╭──
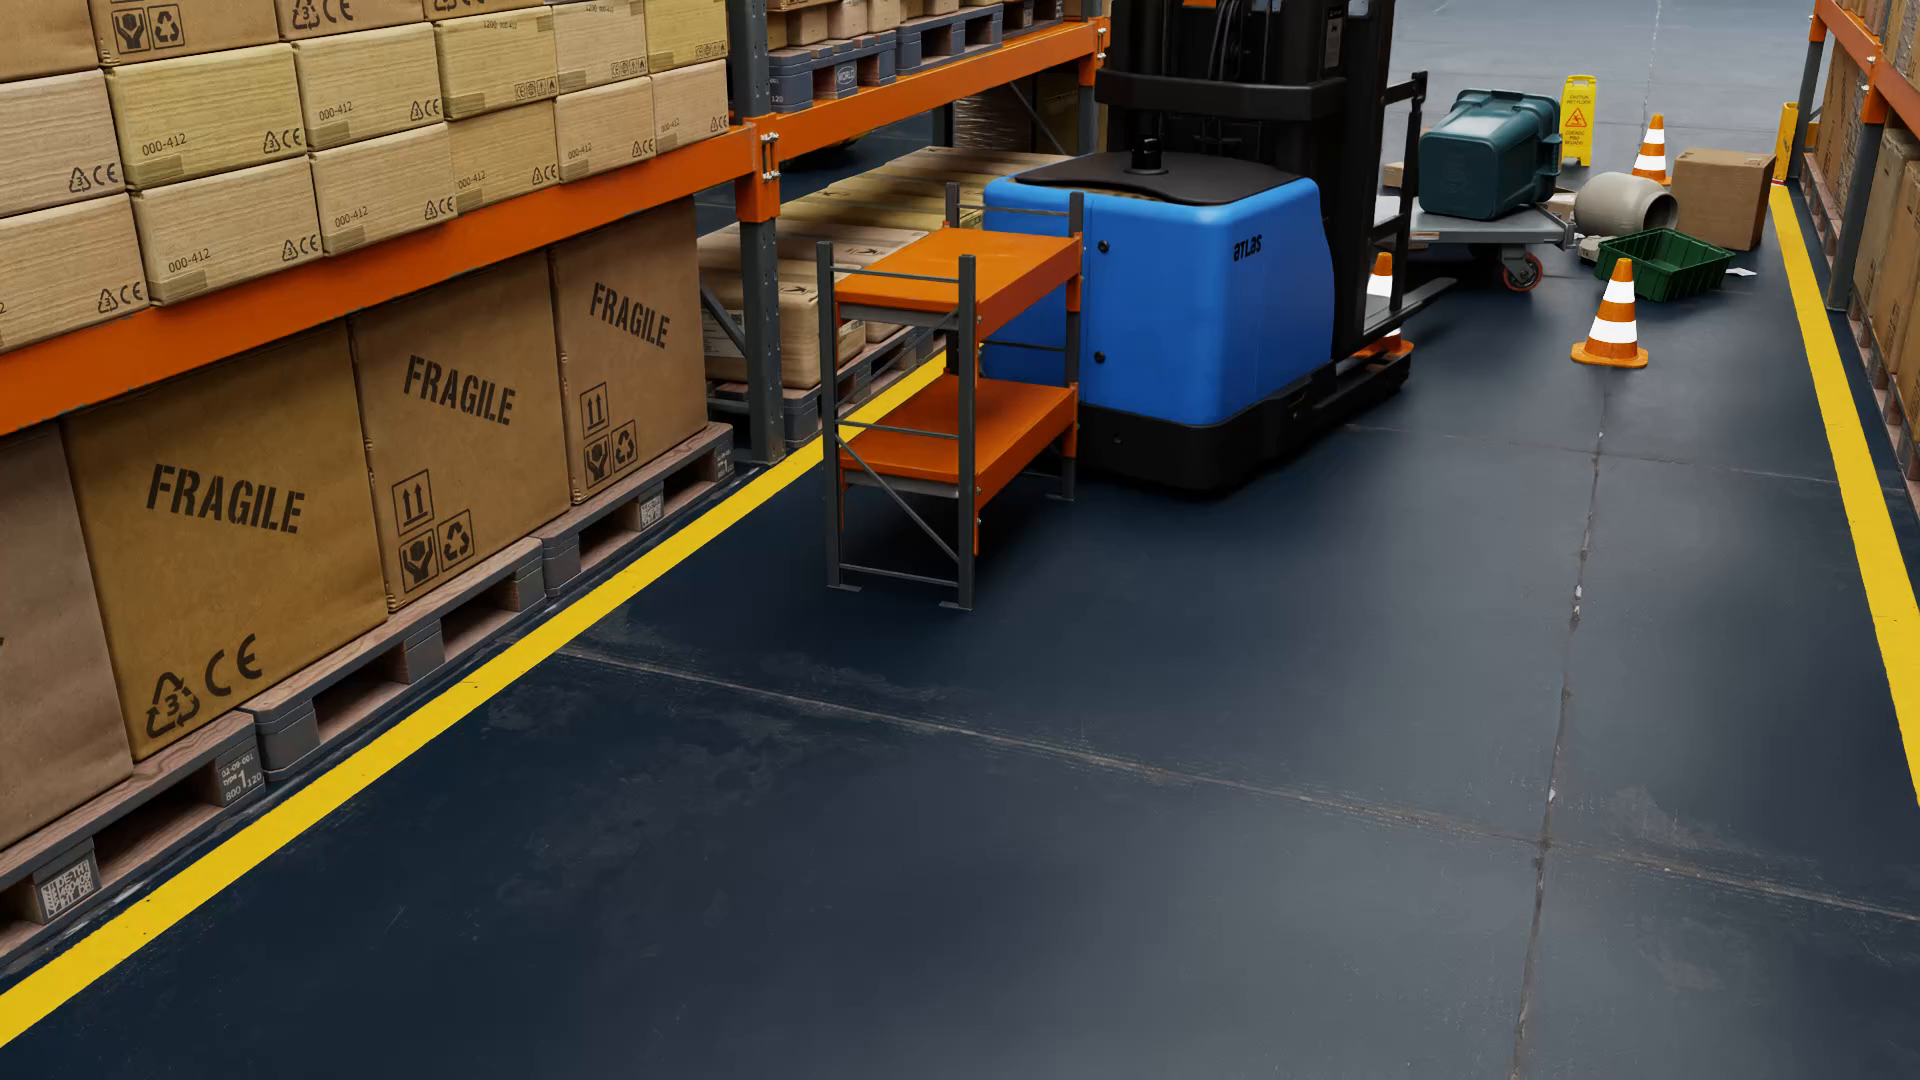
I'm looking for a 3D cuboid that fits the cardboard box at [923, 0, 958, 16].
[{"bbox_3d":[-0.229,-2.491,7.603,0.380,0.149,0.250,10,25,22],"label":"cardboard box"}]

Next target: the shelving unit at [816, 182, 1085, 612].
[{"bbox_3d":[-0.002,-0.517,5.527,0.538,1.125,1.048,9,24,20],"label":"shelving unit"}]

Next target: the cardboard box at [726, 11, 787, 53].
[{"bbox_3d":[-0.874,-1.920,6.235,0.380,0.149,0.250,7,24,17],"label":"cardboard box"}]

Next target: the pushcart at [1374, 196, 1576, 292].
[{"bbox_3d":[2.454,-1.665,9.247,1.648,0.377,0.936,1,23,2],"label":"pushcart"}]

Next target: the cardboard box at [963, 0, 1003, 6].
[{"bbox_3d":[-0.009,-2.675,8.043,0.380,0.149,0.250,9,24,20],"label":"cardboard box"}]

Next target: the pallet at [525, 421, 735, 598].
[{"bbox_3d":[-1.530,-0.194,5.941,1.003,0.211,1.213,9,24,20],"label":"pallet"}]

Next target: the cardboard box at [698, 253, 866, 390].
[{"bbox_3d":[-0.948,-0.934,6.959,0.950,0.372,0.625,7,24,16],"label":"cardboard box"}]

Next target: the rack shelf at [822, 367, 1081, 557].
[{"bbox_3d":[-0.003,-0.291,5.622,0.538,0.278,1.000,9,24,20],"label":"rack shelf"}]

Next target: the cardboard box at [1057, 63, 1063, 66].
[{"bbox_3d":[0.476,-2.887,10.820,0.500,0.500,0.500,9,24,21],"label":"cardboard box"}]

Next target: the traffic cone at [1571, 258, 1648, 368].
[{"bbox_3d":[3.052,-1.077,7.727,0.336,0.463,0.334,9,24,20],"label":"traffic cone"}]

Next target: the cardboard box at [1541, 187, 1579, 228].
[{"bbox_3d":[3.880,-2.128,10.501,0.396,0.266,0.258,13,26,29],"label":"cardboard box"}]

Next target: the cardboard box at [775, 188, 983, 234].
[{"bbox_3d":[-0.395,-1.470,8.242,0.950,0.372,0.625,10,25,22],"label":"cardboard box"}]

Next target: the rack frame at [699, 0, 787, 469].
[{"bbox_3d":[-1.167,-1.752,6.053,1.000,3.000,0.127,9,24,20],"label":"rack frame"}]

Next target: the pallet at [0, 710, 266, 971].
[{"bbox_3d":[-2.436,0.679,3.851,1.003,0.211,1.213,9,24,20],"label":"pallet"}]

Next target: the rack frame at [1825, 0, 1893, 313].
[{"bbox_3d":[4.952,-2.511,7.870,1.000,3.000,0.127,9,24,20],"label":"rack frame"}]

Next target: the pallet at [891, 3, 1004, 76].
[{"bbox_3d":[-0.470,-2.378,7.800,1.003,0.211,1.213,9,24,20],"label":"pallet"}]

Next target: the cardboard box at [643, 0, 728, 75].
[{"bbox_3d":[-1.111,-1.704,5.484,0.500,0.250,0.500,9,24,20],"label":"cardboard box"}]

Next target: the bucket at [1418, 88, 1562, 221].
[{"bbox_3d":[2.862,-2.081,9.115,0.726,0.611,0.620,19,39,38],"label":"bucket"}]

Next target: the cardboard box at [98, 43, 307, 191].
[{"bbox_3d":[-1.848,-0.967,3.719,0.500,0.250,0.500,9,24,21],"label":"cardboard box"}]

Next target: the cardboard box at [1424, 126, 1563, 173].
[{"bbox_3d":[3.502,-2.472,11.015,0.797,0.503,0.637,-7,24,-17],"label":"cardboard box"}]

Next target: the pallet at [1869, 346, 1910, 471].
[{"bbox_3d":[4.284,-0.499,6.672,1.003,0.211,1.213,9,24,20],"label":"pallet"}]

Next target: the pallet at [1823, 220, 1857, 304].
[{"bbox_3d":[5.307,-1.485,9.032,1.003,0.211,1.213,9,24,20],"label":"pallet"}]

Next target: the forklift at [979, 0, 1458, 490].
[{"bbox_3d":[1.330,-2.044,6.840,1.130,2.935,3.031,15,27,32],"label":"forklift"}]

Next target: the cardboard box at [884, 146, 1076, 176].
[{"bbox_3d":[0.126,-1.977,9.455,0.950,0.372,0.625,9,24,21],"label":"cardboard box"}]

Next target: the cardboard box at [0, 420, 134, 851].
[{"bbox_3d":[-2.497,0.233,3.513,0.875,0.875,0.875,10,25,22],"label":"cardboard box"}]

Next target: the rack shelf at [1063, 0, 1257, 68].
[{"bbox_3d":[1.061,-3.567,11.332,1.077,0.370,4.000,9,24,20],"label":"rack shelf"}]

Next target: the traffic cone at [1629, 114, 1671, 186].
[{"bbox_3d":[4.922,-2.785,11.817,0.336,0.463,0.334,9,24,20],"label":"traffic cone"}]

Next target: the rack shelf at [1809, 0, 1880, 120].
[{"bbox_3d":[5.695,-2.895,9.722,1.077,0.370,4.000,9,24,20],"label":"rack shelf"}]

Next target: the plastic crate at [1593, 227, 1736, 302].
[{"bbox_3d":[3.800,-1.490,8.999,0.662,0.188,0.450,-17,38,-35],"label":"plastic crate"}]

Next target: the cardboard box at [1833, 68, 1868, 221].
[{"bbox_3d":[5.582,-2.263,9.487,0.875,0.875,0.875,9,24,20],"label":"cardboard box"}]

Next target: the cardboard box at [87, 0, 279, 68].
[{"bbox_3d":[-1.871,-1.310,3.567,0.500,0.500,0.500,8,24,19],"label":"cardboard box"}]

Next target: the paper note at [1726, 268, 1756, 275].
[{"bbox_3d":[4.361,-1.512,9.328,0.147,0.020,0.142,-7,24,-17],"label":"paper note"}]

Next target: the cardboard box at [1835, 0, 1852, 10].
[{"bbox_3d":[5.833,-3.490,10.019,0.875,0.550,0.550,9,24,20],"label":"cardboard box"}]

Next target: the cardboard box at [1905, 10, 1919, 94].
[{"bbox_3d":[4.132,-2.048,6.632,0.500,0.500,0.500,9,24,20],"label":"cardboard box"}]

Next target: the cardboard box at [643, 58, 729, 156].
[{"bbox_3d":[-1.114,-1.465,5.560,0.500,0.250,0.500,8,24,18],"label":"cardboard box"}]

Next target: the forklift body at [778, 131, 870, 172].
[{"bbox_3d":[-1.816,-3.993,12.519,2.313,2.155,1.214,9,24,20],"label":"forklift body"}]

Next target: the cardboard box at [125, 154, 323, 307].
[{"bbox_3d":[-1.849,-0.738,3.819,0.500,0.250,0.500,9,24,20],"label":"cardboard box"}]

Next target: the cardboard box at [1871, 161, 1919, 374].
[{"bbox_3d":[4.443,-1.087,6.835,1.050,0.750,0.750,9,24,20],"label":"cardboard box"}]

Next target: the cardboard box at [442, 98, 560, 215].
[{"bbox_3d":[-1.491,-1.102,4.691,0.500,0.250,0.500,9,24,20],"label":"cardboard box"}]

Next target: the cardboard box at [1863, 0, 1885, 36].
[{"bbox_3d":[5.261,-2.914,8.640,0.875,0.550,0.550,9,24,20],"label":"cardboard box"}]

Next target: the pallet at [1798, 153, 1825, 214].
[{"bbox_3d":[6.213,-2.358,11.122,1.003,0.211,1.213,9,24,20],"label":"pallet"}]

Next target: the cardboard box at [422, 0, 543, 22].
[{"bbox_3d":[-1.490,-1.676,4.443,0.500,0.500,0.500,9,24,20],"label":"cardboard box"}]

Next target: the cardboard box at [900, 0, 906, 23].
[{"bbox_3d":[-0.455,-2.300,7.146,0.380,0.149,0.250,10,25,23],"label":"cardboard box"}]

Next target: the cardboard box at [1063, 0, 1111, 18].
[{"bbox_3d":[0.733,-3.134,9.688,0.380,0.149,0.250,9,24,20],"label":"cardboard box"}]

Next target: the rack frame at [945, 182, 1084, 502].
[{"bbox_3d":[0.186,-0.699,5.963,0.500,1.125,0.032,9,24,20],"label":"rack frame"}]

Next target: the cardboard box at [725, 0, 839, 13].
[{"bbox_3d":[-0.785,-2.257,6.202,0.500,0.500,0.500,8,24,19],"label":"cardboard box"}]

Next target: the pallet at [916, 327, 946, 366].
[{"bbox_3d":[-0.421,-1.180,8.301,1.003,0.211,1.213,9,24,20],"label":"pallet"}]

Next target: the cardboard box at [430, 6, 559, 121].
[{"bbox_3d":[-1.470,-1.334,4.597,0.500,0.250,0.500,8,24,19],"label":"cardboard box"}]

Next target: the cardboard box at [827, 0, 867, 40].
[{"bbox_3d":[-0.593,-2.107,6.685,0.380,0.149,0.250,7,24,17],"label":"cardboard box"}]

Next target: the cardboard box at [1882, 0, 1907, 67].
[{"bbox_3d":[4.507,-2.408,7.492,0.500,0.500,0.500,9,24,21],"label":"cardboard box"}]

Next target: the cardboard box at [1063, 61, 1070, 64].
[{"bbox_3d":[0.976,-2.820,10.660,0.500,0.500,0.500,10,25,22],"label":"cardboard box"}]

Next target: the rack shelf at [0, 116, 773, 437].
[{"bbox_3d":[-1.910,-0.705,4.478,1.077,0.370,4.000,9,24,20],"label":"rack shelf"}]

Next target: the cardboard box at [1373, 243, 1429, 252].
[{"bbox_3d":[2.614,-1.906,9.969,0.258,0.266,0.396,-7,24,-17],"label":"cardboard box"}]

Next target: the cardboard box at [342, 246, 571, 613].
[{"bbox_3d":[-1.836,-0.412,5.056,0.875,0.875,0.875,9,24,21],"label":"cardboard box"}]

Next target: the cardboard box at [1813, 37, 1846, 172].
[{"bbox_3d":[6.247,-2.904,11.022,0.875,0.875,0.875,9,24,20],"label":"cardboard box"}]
╰──
### EXERCISE REQUIREMENTS
Find the line containing "Next target: the cardboard box at [1813, 37, 1846, 172]." in the data above. Please transcribe it and every line after it, exactly.

### FINISHED TASK
Next target: the cardboard box at [1813, 37, 1846, 172].
[{"bbox_3d":[6.247,-2.904,11.022,0.875,0.875,0.875,9,24,20],"label":"cardboard box"}]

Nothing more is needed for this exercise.